Kevin Murphy, of whom I became a big fan while watching Mystery Science Theater 3000, didn’t
just focus on movies in the year 2001. He experienced the full-blooded
phenomenon of viewing publicly-presented films every single day in that year.
That’s the story of A Year at the Movies.
While Murphy knows plenty about film itself and does comment
on particular films, this memoir is almost entirely about the venues of
viewing. He experienced the multiplex in all its magnificent glassy-eyed
dullness and concluded, “It’s a shame that the country’s best screens are being
used for the country’s stupidest films.” He viewed films all over the world in
some of the largest theaters and in the very smallest. He watched art films
with snobs and dumb movies with everyone else. He experienced some of the most
interesting movie houses and met some of the most interesting movie people. I wanted to know more about the films he watched, whether this film or that film was good, whether he liked the same films I did, but I got caught up in his real theme, filmgoing, and enjoyed the ride all the way.
Murphy is cynical and funny, intelligent and open-minded.
His year-long journey/experiment, took some good planning, a fair bit of
optimism, and plenty of guts. Yes, he pulled a few stunts while experiencing
the movies, like dressing in full nun drag for a sing-along The Sound of Music, sneaking an entire
turkey dinner with all the trimmings into a theater on Thanksgiving, and dating
several women in one week (he’s married) just to re-discover the concept of the
date movie. He also found wonderful venues, like the Midnight Sun Film Festival
in Finland and a tiny, well-run theater in Australia, and found along with them
a renewed hope in culture of the cinema.
I’m not someone who likes to brave the movie theater very
often. The big screen and huge sound system aren’t often worth the extra cash
to me, even with the bonus feature of sharing a dark room with big strangers
over whom I have to step to get to a good seat. I have had some great
experiences in movie theaters, however, and it was the feelings invoked by
these experiences that allowed me to share some of the hope for the cinema
along with Kevin Murphy. Going to the movies should be fun, and the best
showings, sometimes independent of the quality of the film itself, are those
during which every audience member is having a good time.
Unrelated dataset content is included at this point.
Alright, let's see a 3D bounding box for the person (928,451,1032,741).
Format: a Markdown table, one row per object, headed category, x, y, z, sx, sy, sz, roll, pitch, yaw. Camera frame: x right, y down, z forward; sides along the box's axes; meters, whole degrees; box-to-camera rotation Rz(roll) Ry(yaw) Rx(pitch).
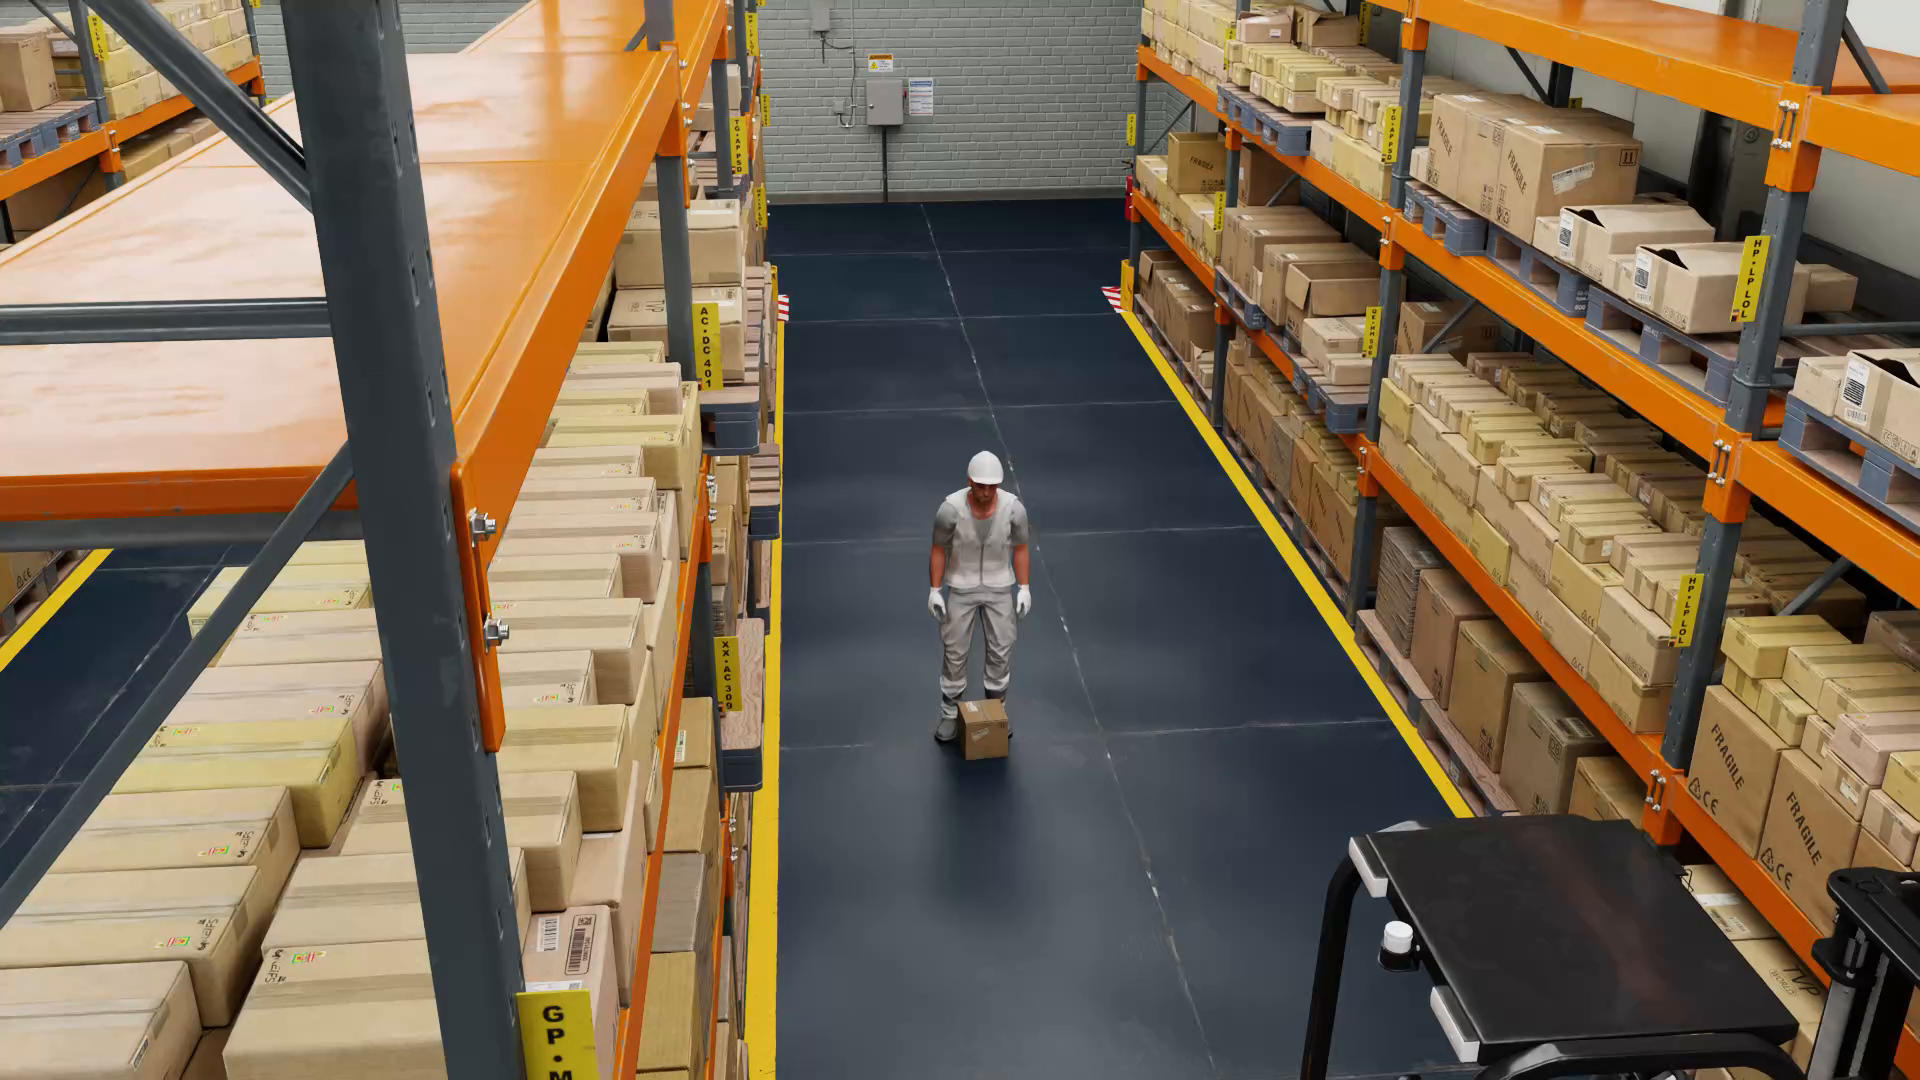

I like Murphy’s attitude and the care he has for quality
entertainment. I also admire the energy with which he tackled this project,
especially through setbacks and obstacles ranging from jet lag to a kidney
stone to Corky Romano. A Year
at the Movies makes me wish I loved the movies as much as he does. (Maybe
in my own little way, my love of stories well-told, I do.) His passion is inspirational
and contagious. I can’t help but get excited by such enthusiasm: “The cinema is
a miracle. Great drama, humor, sound, and spectacle, image and motion, all
malleable, all portable, seen in a crowd, the world shown to the world, our
modern circus, our timeless stage. It can be crudely assembled or finely
polished, but it all has the potential to thrill me.”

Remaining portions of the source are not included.